The J2SE SDK version 1.4.1 release includes two flavors of the VM -- a client-side offering, and a VM tuned for server applications. These two solutions share the Java HotSpot runtime environment code base, but use different compilers that are suited to the distinctly unique performance characteristics of clients and servers. These differences include the compilation inlining policy and heap defaults.

The J2SE SDK contains both of the these systems in the distribution, so developers can choose which system they want by specifying -client or -server.

Although the Server and the Client VMs are similar, the Server VM has been specially tuned to maximize peak operating speed. It is intended for executing long-running server applications, which need the fastest possible operating speed more than a fast start-up time or smaller runtime memory footprint.

The Client VM compiler serves as an upgrade for both the Classic VM and the just-in-time (JIT) compilers used by previous versions of the Java SDK. The Client VM offers improved run time performance for applications and applets. The Java HotSpot Client VM has been specially tuned to reduce application start-up time and memory footprint, making it particularly well suited for client environments. In general, the client system is better for GUIs.

The Client VM compiler does not try to execute many of the more complex optimizations performed by the compiler in the Server VM, but in exchange, it requires less time to analyze and compile a piece of code. This means the Client VM can start up faster and requires a smaller memory footprint.

Figure 2-2: The Java HotSpot Client VM, on the left, and the Java HotSpot Server VM, on the right, use a different compiler but otherwise interface to the same virtual machine, using the same garbage collection (GC) routine, interpreter, thread and lock subsystems, and so on.

The Server VM contains an advanced adaptive compiler that supports many of the same types of optimizations performed by optimizing C++ compilers, as well as some optimizations that cannot be done by traditional compilers, such as aggressive inlining across virtual method invocations. This is a competitive and performance advantage over static compilers. Adaptive optimization technology is very flexible in its approach, and typically outperforms even advanced static analysis and compilation techniques.

Both solutions deliver extremely reliable, secure, and maintainable environments to meet the demands of today's enterprise customers.

In previous versions of the Java virtual machine, such as the Classic VM, indirect handles are used to represent object references. While this makes relocating objects easier during garbage collection, it represents a significant performance bottleneck, because accesses to the instance variables of Java programming language objects require two levels of indirection.

In the Java HotSpot VM, no handles are used by Java code. Object references are implemented as direct pointers. This provides C-speed access to instance variables. When the object is relocated during memory reclamation, the garbage collector is responsible for finding and updating all references to the object in place.

The Java HotSpot VM uses a two machine-word object header, as opposed to three words in the Classic VM. Since the average Java object size is small, this has a significant impact on space consumption -- saving approximately eight percent in heap size for typical applications. The first header word contains information such as the identity hash code and GC status information. The second is a reference to the object's class. Only arrays have a third header field, for the array size.

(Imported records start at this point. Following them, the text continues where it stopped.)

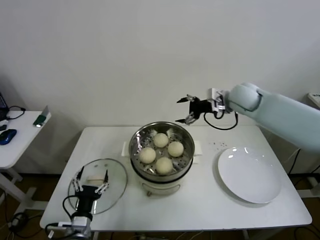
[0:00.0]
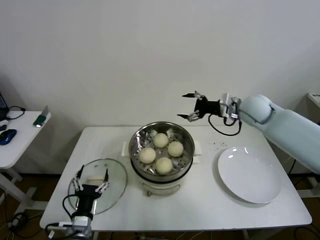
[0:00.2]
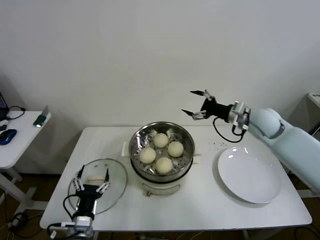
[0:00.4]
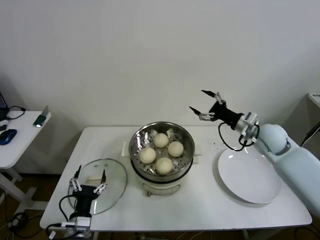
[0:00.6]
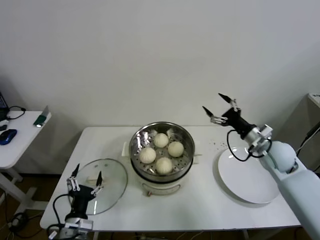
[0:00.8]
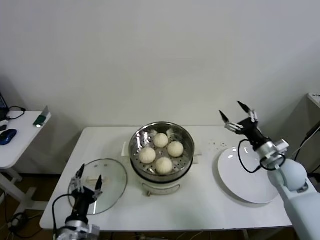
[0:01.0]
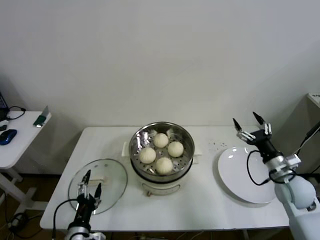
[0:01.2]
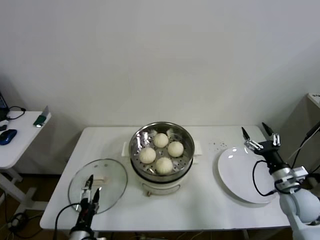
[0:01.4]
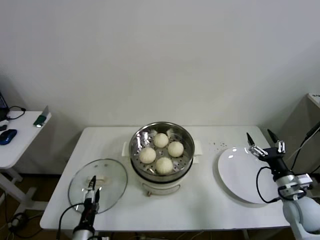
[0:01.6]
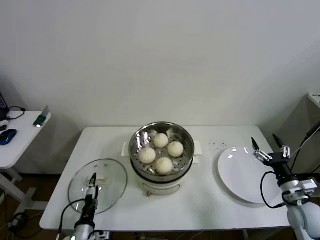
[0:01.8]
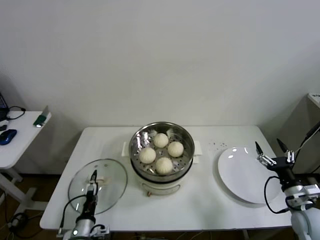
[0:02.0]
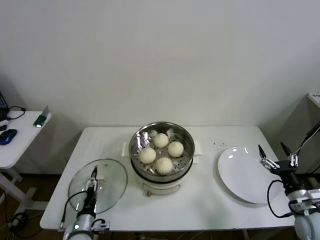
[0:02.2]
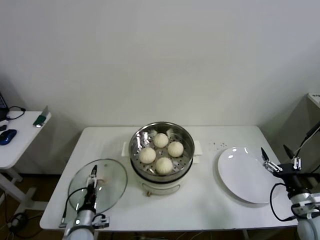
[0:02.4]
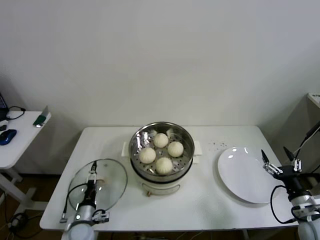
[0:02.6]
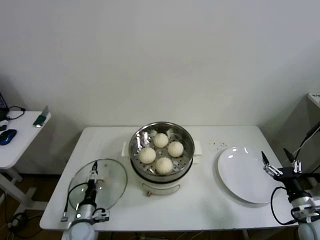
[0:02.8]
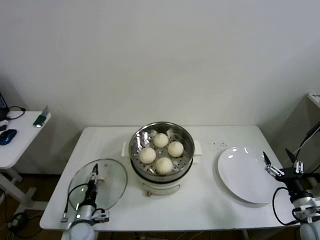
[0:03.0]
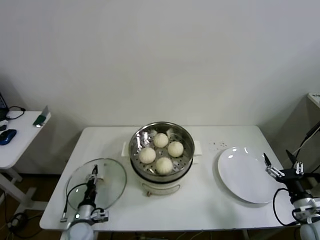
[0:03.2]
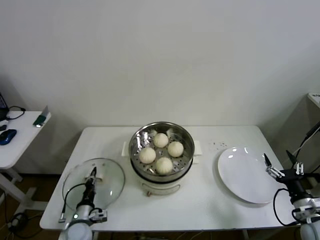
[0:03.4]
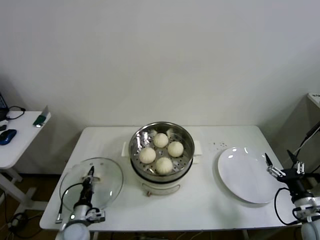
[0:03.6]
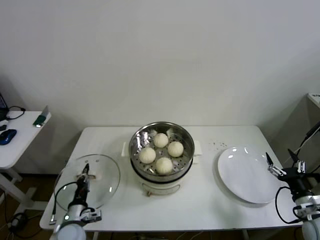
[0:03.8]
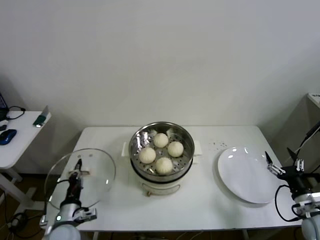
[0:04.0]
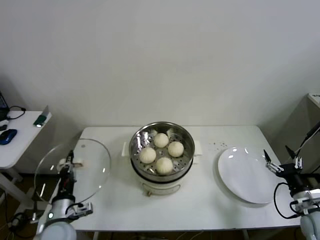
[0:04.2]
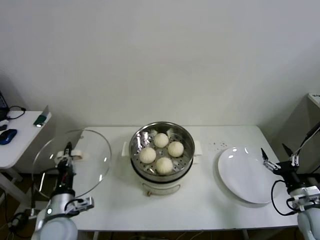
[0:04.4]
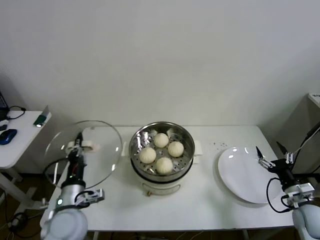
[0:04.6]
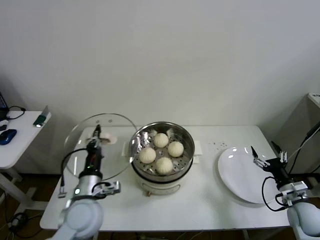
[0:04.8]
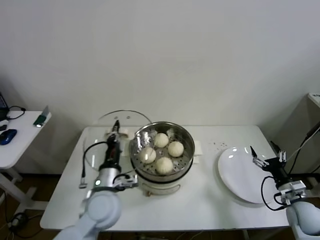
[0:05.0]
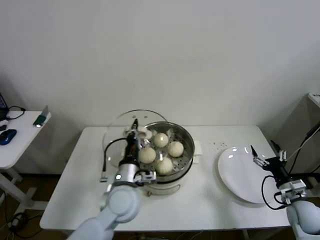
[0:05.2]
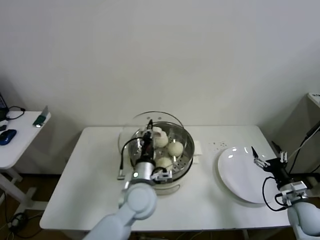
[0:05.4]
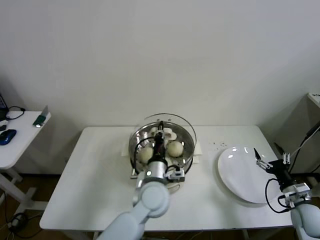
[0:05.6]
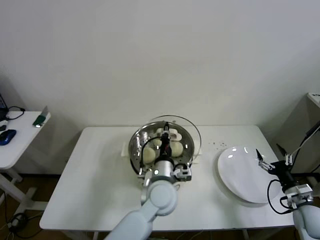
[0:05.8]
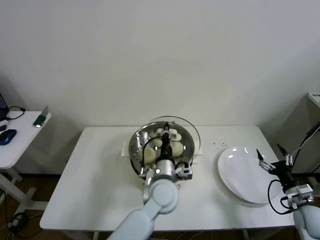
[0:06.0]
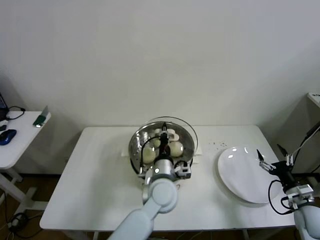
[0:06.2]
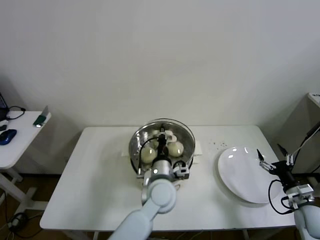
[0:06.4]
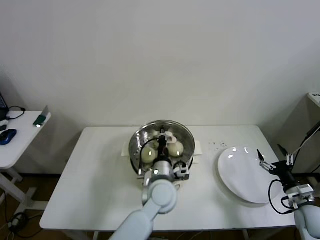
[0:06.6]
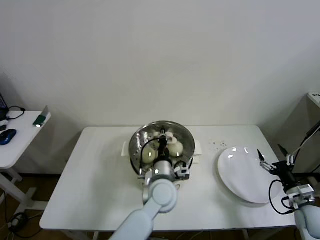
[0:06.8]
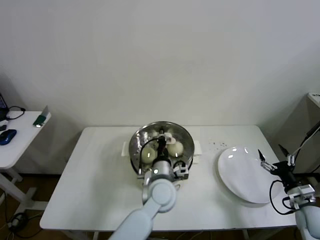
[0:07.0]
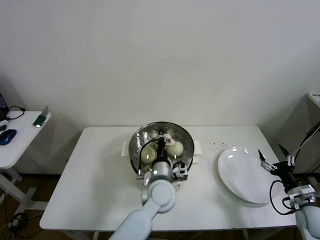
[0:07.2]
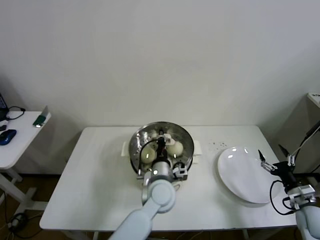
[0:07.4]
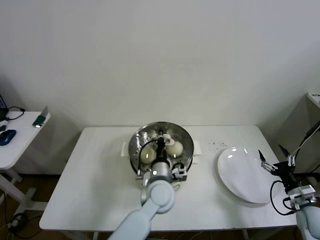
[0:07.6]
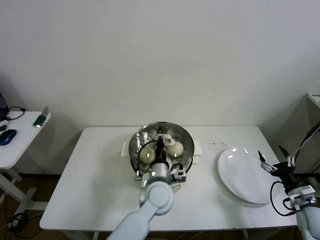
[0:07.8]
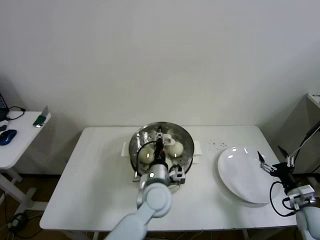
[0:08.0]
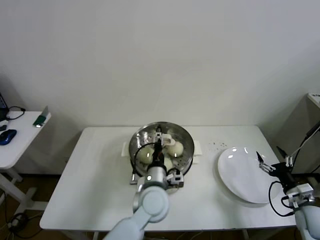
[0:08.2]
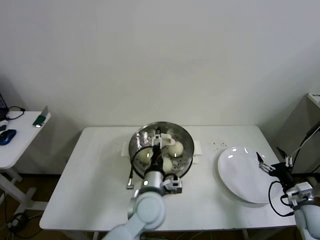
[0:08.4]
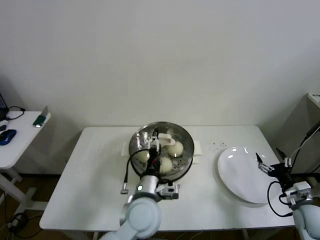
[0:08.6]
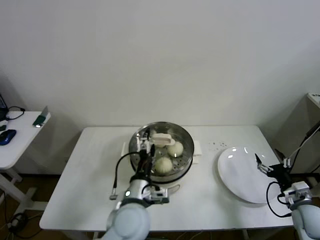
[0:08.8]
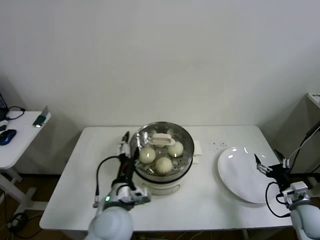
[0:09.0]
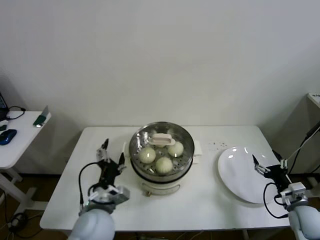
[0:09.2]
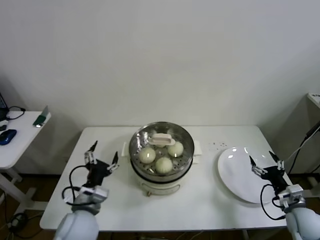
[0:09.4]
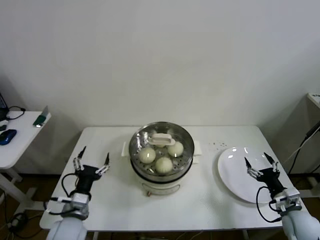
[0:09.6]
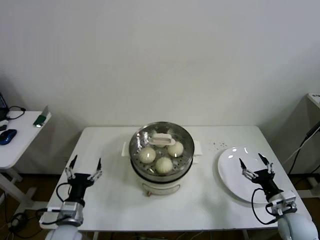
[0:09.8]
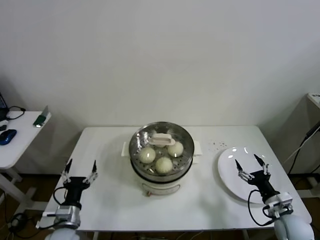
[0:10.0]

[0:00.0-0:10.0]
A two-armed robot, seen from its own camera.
Step, 0:00.0 to 0:03.4: Grasp the pot lid with left gripper.
Step, 0:03.6 to 0:08.4: Place the pot lid on the steamer with left gripper.
0:00.0 to 0:01.4: The right gripper travels backward, downward and to the right by approximately 35 cm.
0:01.4 to 0:02.8: The left gripper travels forward and downward by some 15 cm. Meanwhile the right gripper moves backward, some 10 cm.
0:02.8 to 0:04.2: The left gripper moves upward, roughly 10 cm, and closes up.
0:04.2 to 0:05.8: The left gripper travels to the right by roughly 30 cm.
0:05.8 to 0:07.2: The grippers stay close to where they were, moving slightly.
0:07.2 to 0:08.6: The left gripper goes some 5 cm backward, and opens up.
0:08.6 to 0:10.0: The left gripper shifts roughly 25 cm to the left; the right gripper is displaced to the left by about 5 cm.
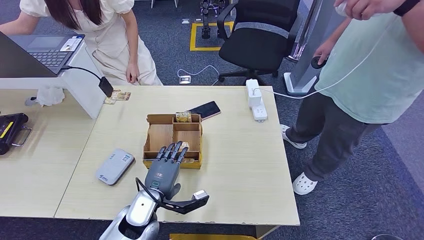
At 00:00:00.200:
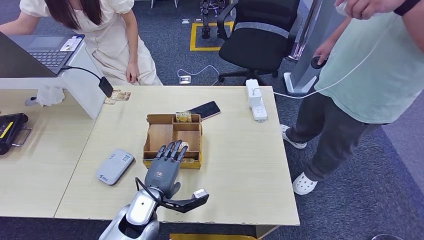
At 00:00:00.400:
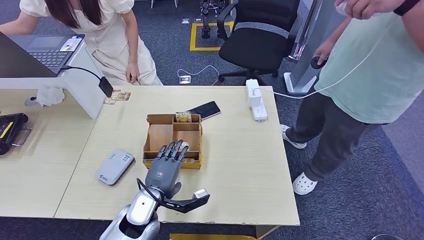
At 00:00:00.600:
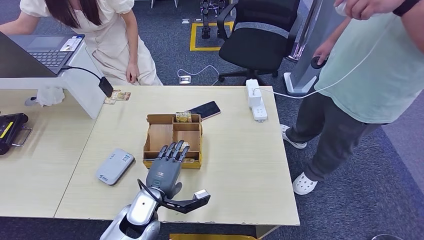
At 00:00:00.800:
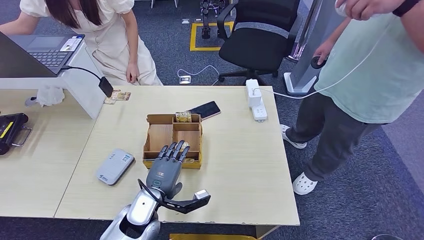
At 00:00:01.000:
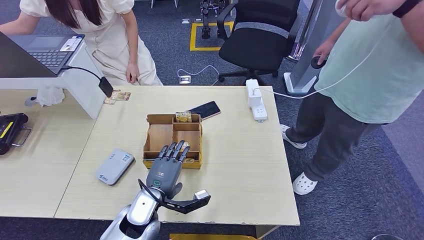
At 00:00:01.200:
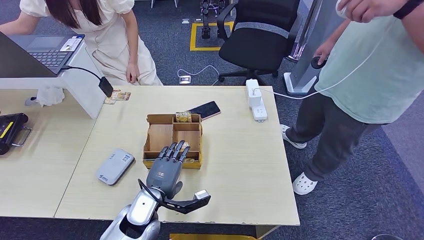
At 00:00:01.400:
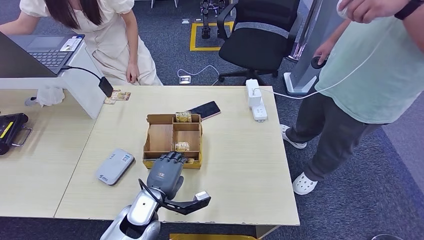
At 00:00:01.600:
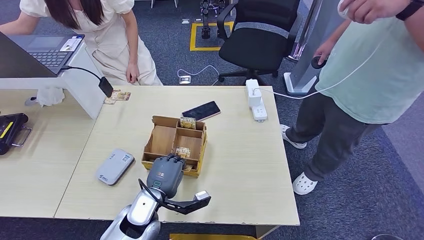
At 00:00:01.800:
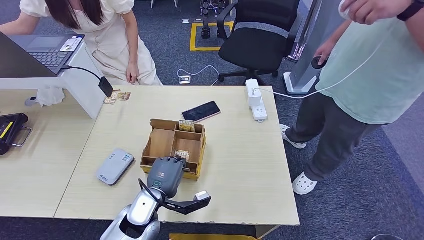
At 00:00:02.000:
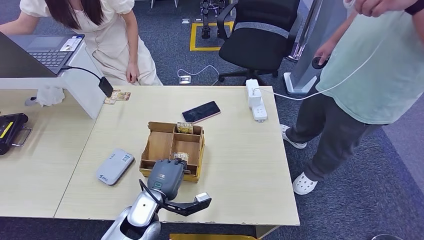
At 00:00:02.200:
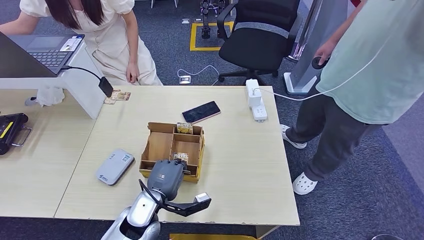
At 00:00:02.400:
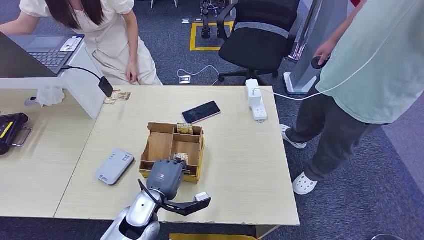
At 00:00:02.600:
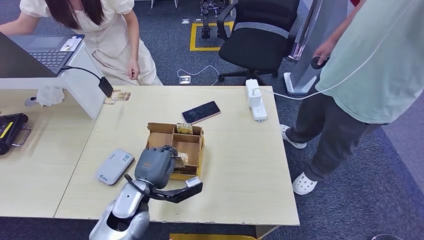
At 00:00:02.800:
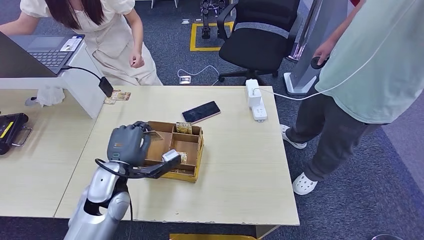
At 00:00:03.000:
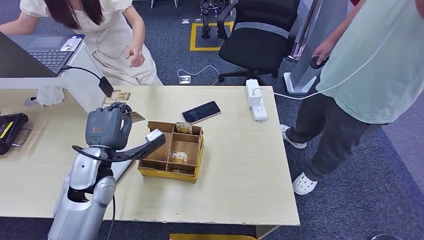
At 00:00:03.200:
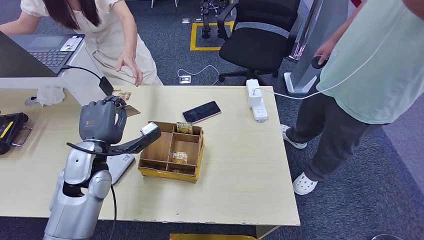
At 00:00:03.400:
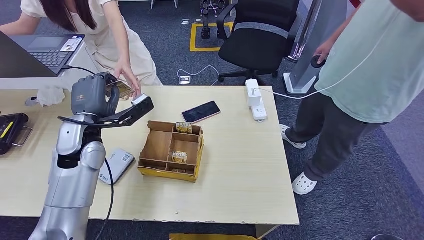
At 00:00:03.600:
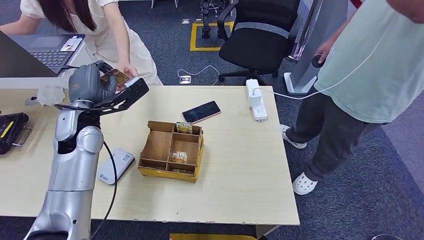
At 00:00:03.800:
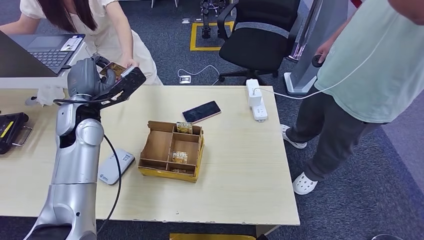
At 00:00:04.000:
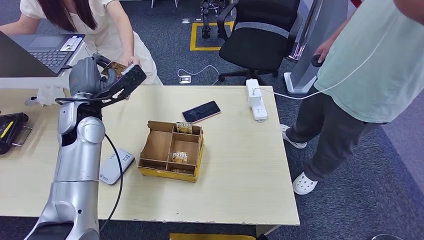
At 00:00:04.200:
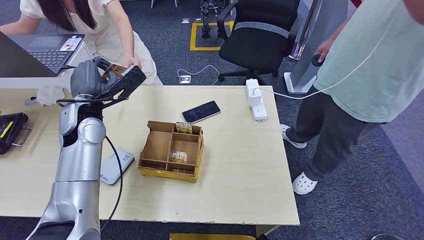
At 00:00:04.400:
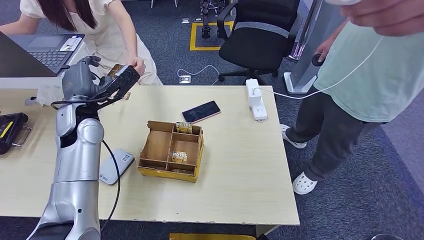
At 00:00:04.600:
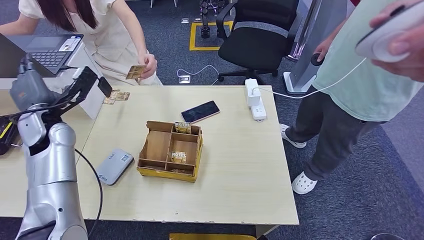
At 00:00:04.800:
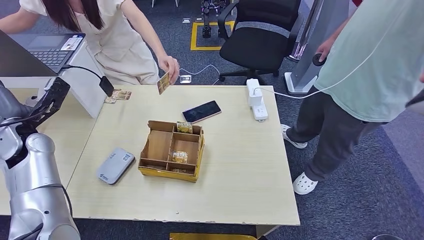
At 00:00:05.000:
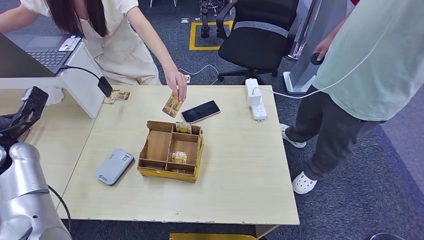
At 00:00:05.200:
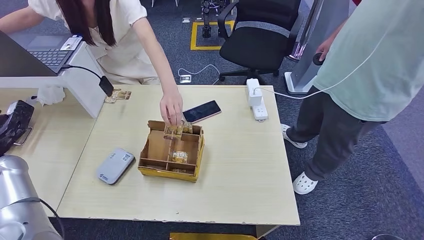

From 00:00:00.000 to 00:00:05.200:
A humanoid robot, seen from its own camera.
Step, from 00:00:00.000 to 00:00:03.200: Pick up the room key from the key card box.
Step, from 00:00:03.400 to 00:00:05.200: Hand the room key to the person.
From 00:00:00.000 to 00:00:01.800: Both hands stay put.
From 00:00:01.800 to 00:00:03.400: The left hand moves upward, to the left and forward, some 25 cm.

Classes, methods, and other internal reflective data are represented directly as objects on the heap (although those objects may not be directly accessible to Java technology-based programs). This not only simplifies the VM internal object model, but also allows classes to be collected by the same garbage collector used for other Java programming language objects.

Per-thread method activation stacks are represented using the host operating system's stack and thread model. Both Java programming language methods and native methods share the same stack, allowing fast calls between the C and Java programming languages. Fully preemptive Java programming language threads are supported using the host operating system's thread scheduling mechanism.

A major advantage of using native OS threads and scheduling is the ability to take advantage of native OS multiprocessing support transparently. Because the Java HotSpot VM is designed to be insensitive to race conditions caused by preemption and/or multiprocessing while executing Java programming language code, the Java programming language threads will automatically take advantage of whatever scheduling and processor allocation policies the native OS provides.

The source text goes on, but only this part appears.